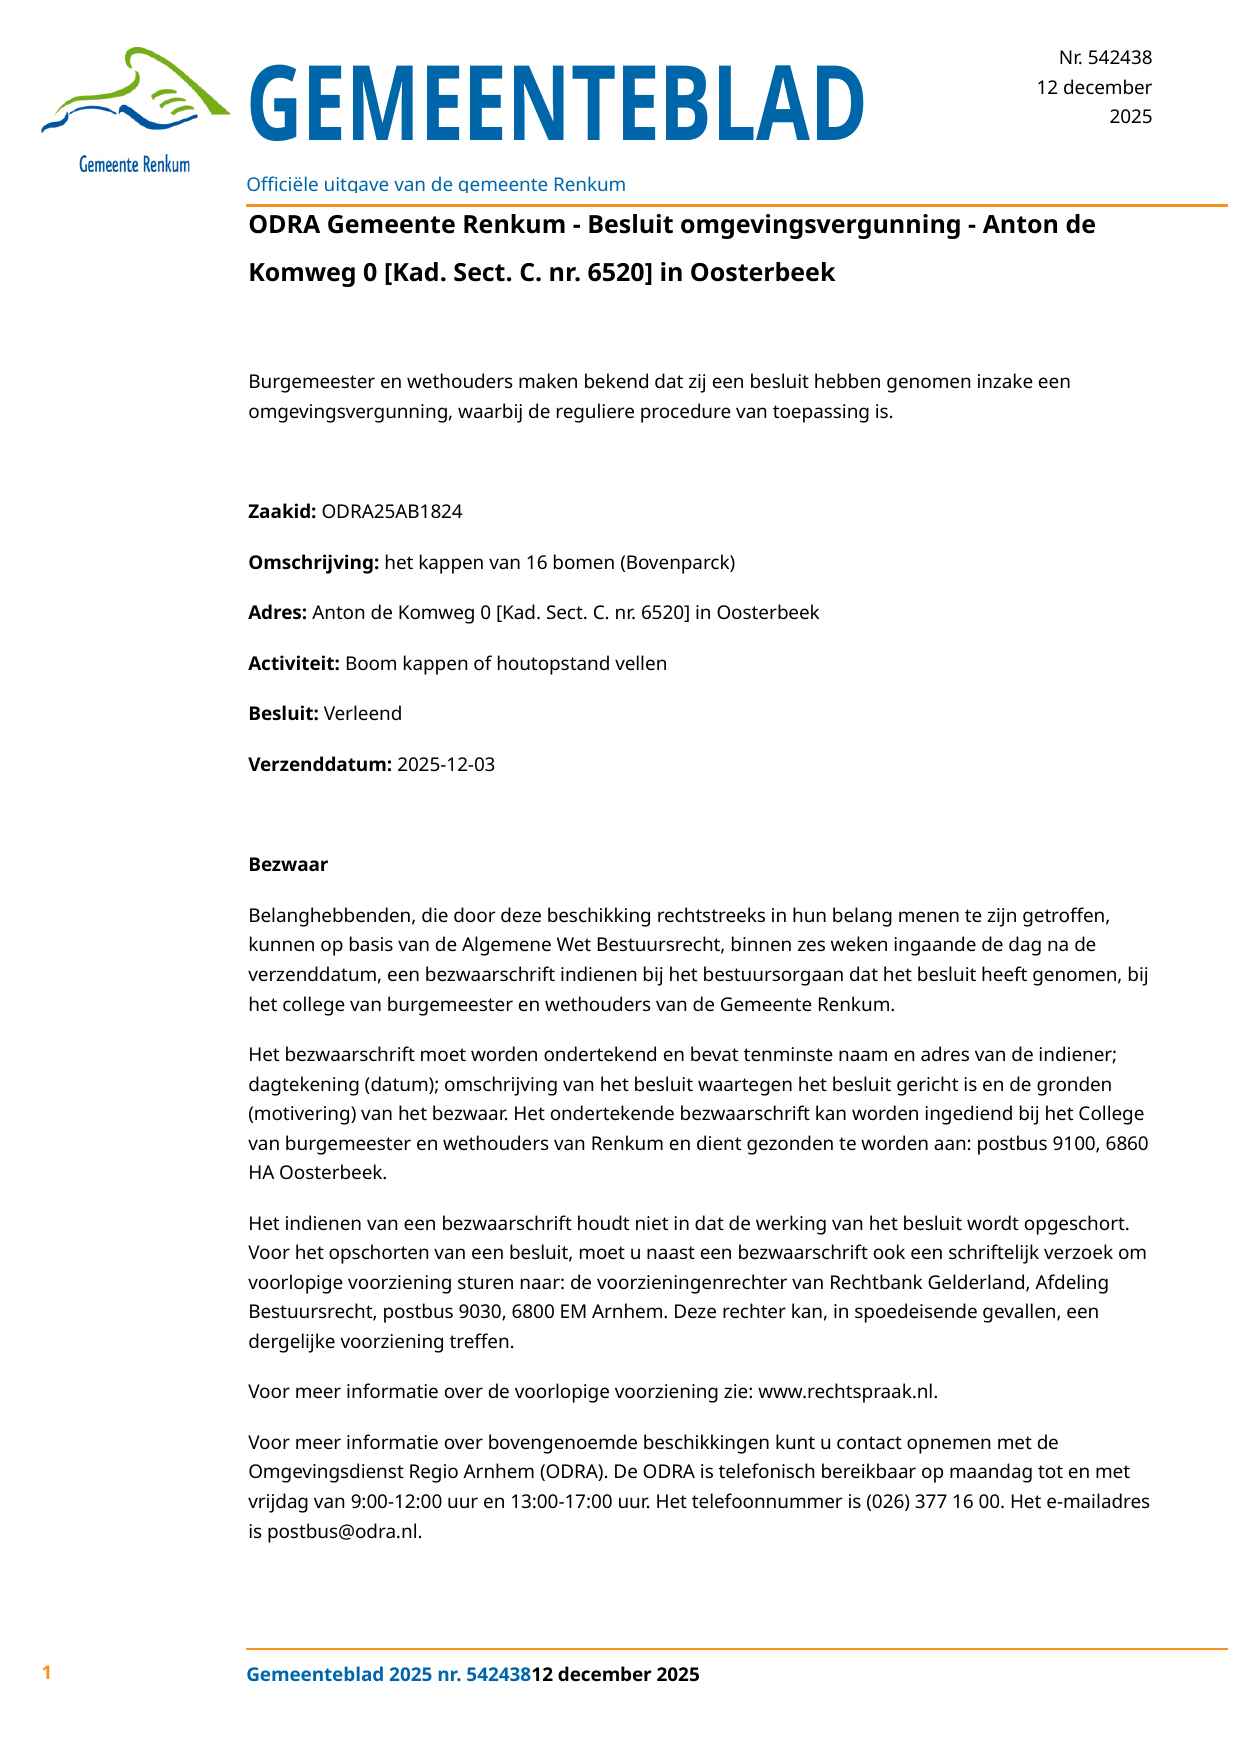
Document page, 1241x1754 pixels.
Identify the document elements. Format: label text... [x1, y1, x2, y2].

text ODRA Gemeente Renkum - Besluit omgevingsvergunning - Anton de Komweg 0 [Kad. Sect. C. nr. 6520] in Oosterbeek [248, 207, 1152, 288]
picture [41, 47, 231, 172]
text Belanghebbenden, die door deze beschikking rechtstreeks in hun belang menen te zijn getroffen, kunnen op basis van de Algemene Wet Bestuursrecht, binnen zes weken ingaande de dag na de verzenddatum, een bezwaarschrift indienen bij het bestuursorgaan dat het besluit heeft genomen, bij het college van burgemeester en wethouders van de Gemeente Renkum. [248, 902, 1152, 1017]
text Burgemeester en wethouders maken bekend dat zij een besluit hebben genomen inzake een omgevingsvergunning, waarbij de reguliere procedure van toepassing is. [248, 368, 1152, 424]
text Adres: Anton de Komweg 0 [Kad. Sect. C. nr. 6520] in Oosterbeek [248, 599, 1152, 625]
text Verzenddatum: 2025-12-03 [248, 751, 1152, 777]
text Het bezwaarschrift moet worden ondertekend en bevat tenminste naam en adres van de indiener; dagtekening (datum); omschrijving van het besluit waartegen het besluit gericht is en de gronden (motivering) van het bezwaar. Het ondertekende bezwaarschrift kan worden ingediend bij het College van burgemeester en wethouders van Renkum en dient gezonden te worden aan: postbus 9100, 6860 HA Oosterbeek. [248, 1041, 1152, 1185]
text Omschrijving: het kappen van 16 bomen (Bovenparck) [248, 549, 1152, 575]
text Zaakid: ODRA25AB1824 [248, 499, 1152, 524]
text Voor meer informatie over de voorlopige voorziening zie: www.rechtspraak.nl. [248, 1379, 1152, 1404]
text Besluit: Verleend [248, 700, 1152, 726]
text Voor meer informatie over bovengenoemde beschikkingen kunt u contact opnemen met de Omgevingsdienst Regio Arnhem (ODRA). De ODRA is telefonisch bereikbaar op maandag tot en met vrijdag van 9:00-12:00 uur en 13:00-17:00 uur. Het telefoonnummer is (026) 377 16 00. Het e-mailadres is postbus@odra.nl. [248, 1429, 1152, 1544]
text Activiteit: Boom kappen of houtopstand vellen [248, 650, 1152, 676]
text Het indienen van een bezwaarschrift houdt niet in dat de werking van het besluit wordt opgeschort. Voor het opschorten van een besluit, moet u naast een bezwaarschrift ook een schriftelijk verzoek om voorlopige voorziening sturen naar: de voorzieningenrechter van Rechtbank Gelderland, Afdeling Bestuursrecht, postbus 9030, 6800 EM Arnhem. Deze rechter kan, in spoedeisende gevallen, een dergelijke voorziening treffen. [248, 1210, 1152, 1354]
text Bezwaar [248, 852, 1152, 877]
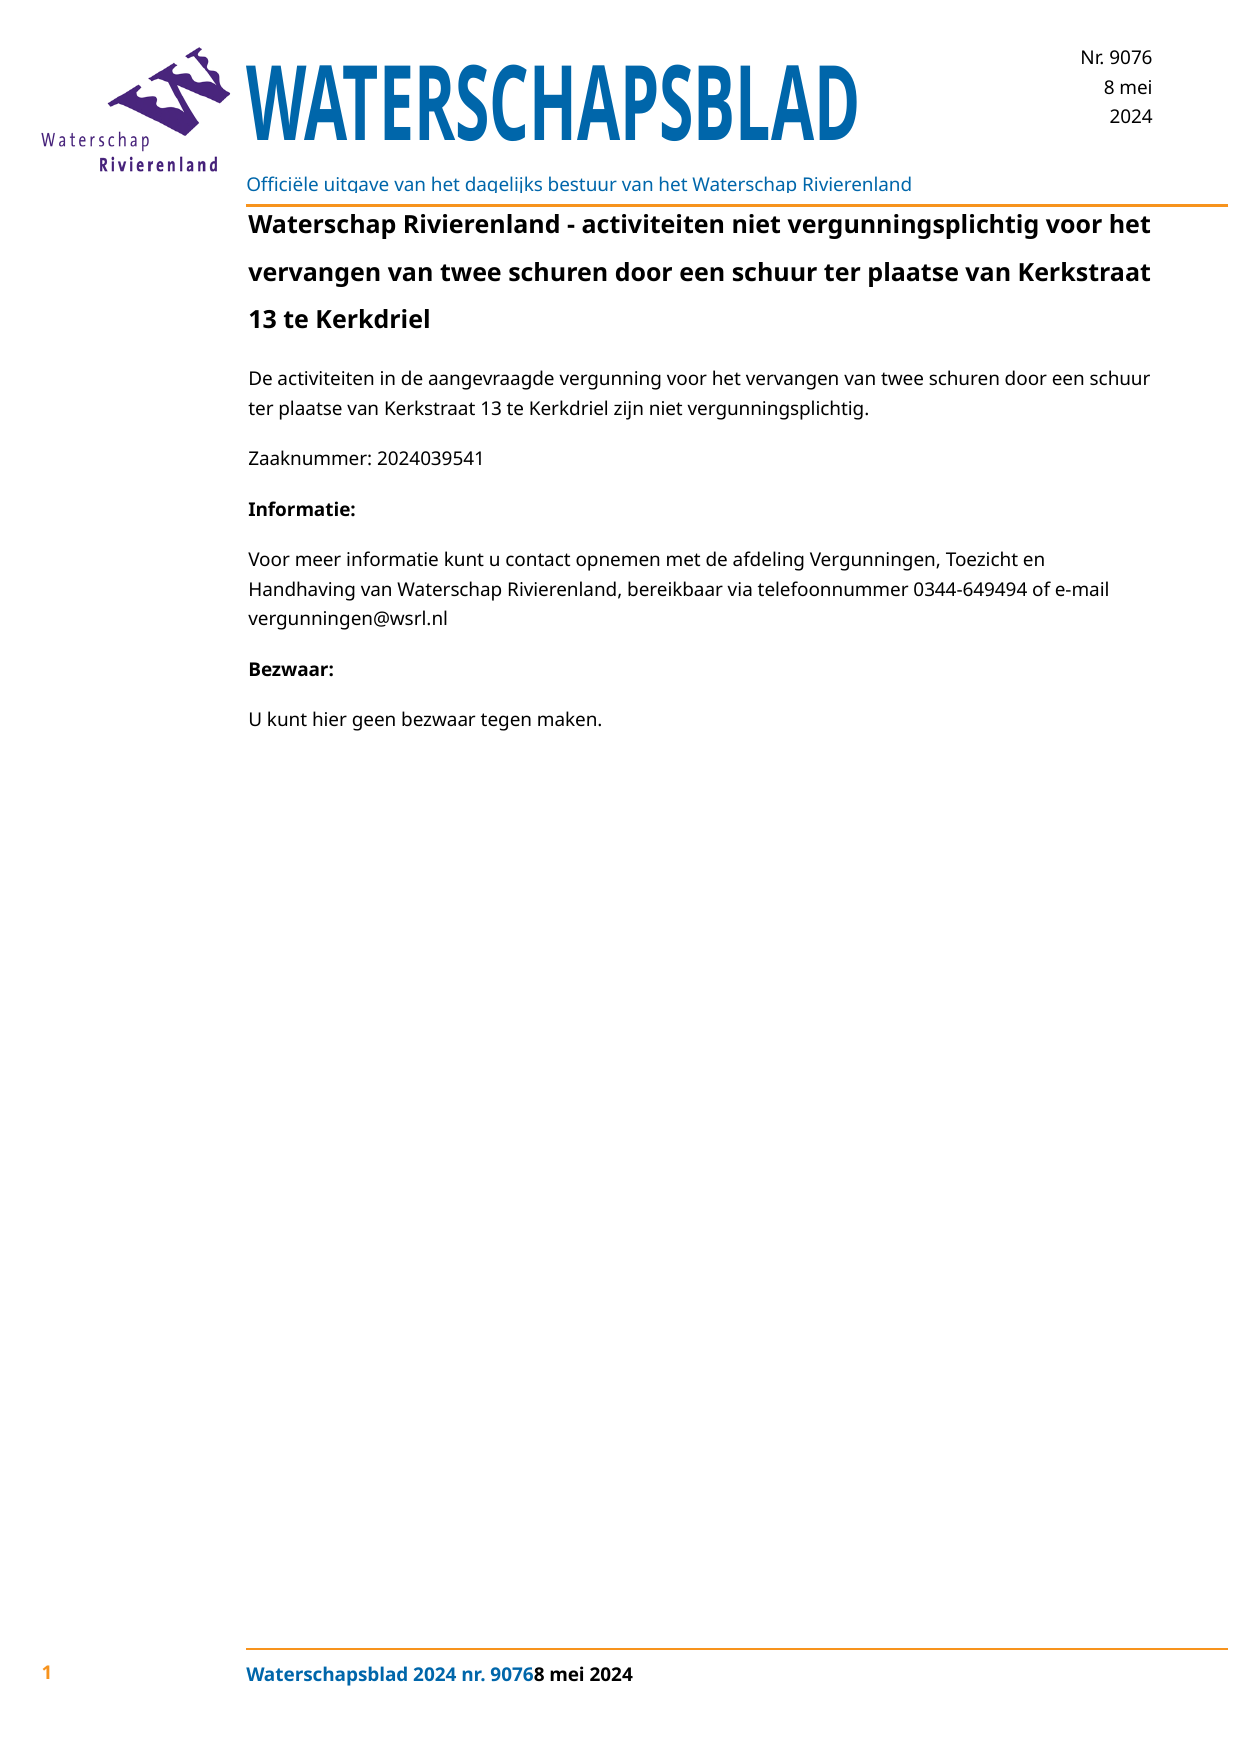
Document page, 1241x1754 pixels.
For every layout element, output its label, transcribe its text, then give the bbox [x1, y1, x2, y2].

text U kunt hier geen bezwaar tegen maken. [248, 706, 1152, 732]
text Voor meer informatie kunt u contact opnemen met de afdeling Vergunningen, Toezicht en Handhaving van Waterschap Rivierenland, bereikbaar via telefoonnummer 0344-649494 of e-mail vergunningen@wsrl.nl [248, 546, 1152, 631]
picture [41, 47, 231, 172]
text Zaaknummer: 2024039541 [248, 446, 1152, 471]
text Waterschap Rivierenland - activiteiten niet vergunningsplichtig voor het vervangen van twee schuren door een schuur ter plaatse van Kerkstraat 13 te Kerkdriel [248, 207, 1152, 336]
text Informatie: [248, 496, 1152, 522]
text De activiteiten in de aangevraagde vergunning voor het vervangen van twee schuren door een schuur ter plaatse van Kerkstraat 13 te Kerkdriel zijn niet vergunningsplichtig. [248, 366, 1152, 421]
text Bezwaar: [248, 656, 1152, 682]

= About this exercise =
Look through the data above for the word "wethouders". Report each line where it occurs.

= Answer section =
text Belanghebbenden, die door deze beschikking rechtstreeks in hun belang menen te zijn getroffen, kunnen op basis van de Algemene Wet Bestuursrecht, binnen zes weken ingaande de dag na de verzenddatum, een bezwaarschrift indienen bij het bestuursorgaan dat het besluit heeft genomen, bij het college van burgemeester en wethouders van de Gemeente Renkum. [248, 902, 1152, 1017]
text Burgemeester en wethouders maken bekend dat zij een besluit hebben genomen inzake een omgevingsvergunning, waarbij de reguliere procedure van toepassing is. [248, 368, 1152, 424]
text Het bezwaarschrift moet worden ondertekend en bevat tenminste naam en adres van de indiener; dagtekening (datum); omschrijving van het besluit waartegen het besluit gericht is en de gronden (motivering) van het bezwaar. Het ondertekende bezwaarschrift kan worden ingediend bij het College van burgemeester en wethouders van Renkum en dient gezonden te worden aan: postbus 9100, 6860 HA Oosterbeek. [248, 1041, 1152, 1185]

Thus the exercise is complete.